*** Opening Entries provided ***

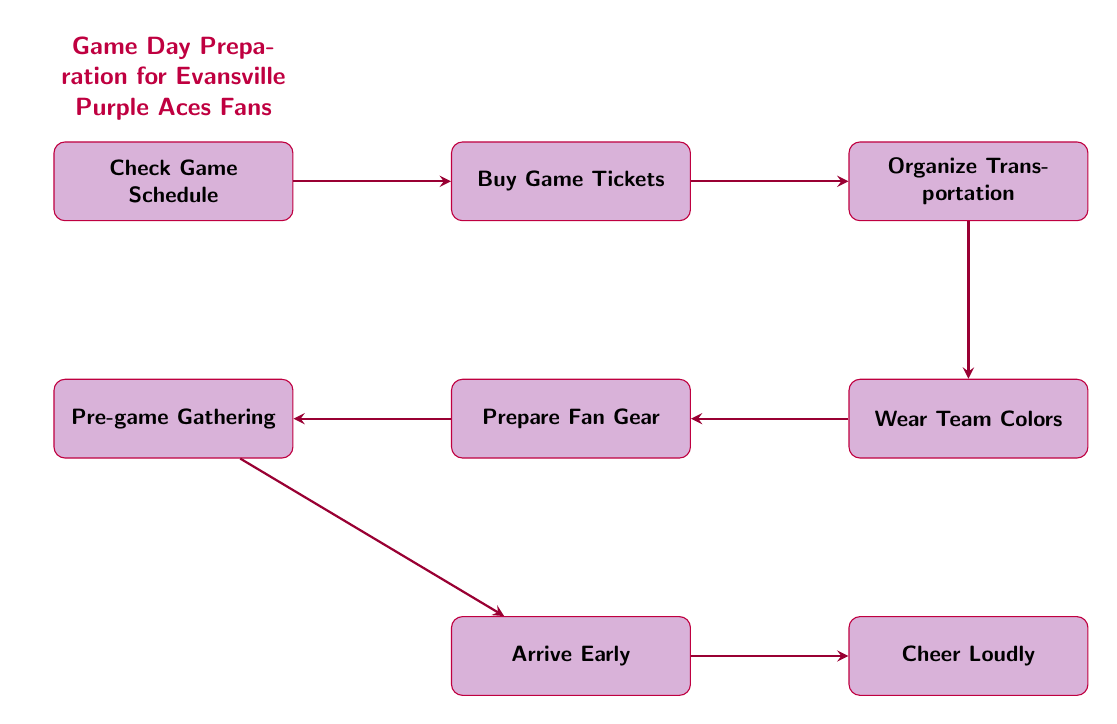What is the first step in the game day preparation? The first step indicated in the flow chart is "Check Game Schedule," which directs fans to confirm the date and time of the game.
Answer: Check Game Schedule How many nodes are present in the diagram? By counting, the diagram includes a total of eight nodes representing different steps in the game day preparation.
Answer: 8 What comes after "Buy Game Tickets"? Following "Buy Game Tickets," the next step in the flow is "Organize Transportation," which indicates that fans should plan how to get to the game.
Answer: Organize Transportation Which node suggests wearing team apparel? The node that suggests wearing team apparel is "Wear Team Colors," which encourages fans to display their support by wearing Evansville Purple Aces gear.
Answer: Wear Team Colors If a fan completes "Pre-game Gathering," what is the next action? The action that follows "Pre-game Gathering" is "Arrive Early," suggesting fans should get to the Ford Center in advance of the game.
Answer: Arrive Early What is the relationship between "Prepare Fan Gear" and "Cheer Loudly"? "Prepare Fan Gear" is a step that leads to "Pre-game Gathering," and "Cheer Loudly" is the final action in the sequence, indicating that fan preparation contributes to cheering during the game.
Answer: Sequential connection How many edges are represented in the diagram? There are seven arrows indicating the flow from one action to the next, which corresponds to the transitions or connections between the eight nodes.
Answer: 7 What type of activities can fans do at "Pre-game Gathering"? At "Pre-game Gathering," fans are encouraged to join fellow supporters for food and drinks at local spots prior to going to the game.
Answer: Food and drinks What is the overall objective of this flow chart? The overall objective of the flow chart is to outline a game day preparation schedule specifically designed for fans of the Evansville Purple Aces men's basketball team.
Answer: Game day preparation schedule

*** Closing Entries provided ***

Print nothing but the lines from the one that contains "Answer: Sequential connection" to the final line of the data, both included, exactly as they read.

**Task solution**
Answer: Sequential connection How many edges are represented in the diagram? There are seven arrows indicating the flow from one action to the next, which corresponds to the transitions or connections between the eight nodes.
Answer: 7 What type of activities can fans do at "Pre-game Gathering"? At "Pre-game Gathering," fans are encouraged to join fellow supporters for food and drinks at local spots prior to going to the game.
Answer: Food and drinks What is the overall objective of this flow chart? The overall objective of the flow chart is to outline a game day preparation schedule specifically designed for fans of the Evansville Purple Aces men's basketball team.
Answer: Game day preparation schedule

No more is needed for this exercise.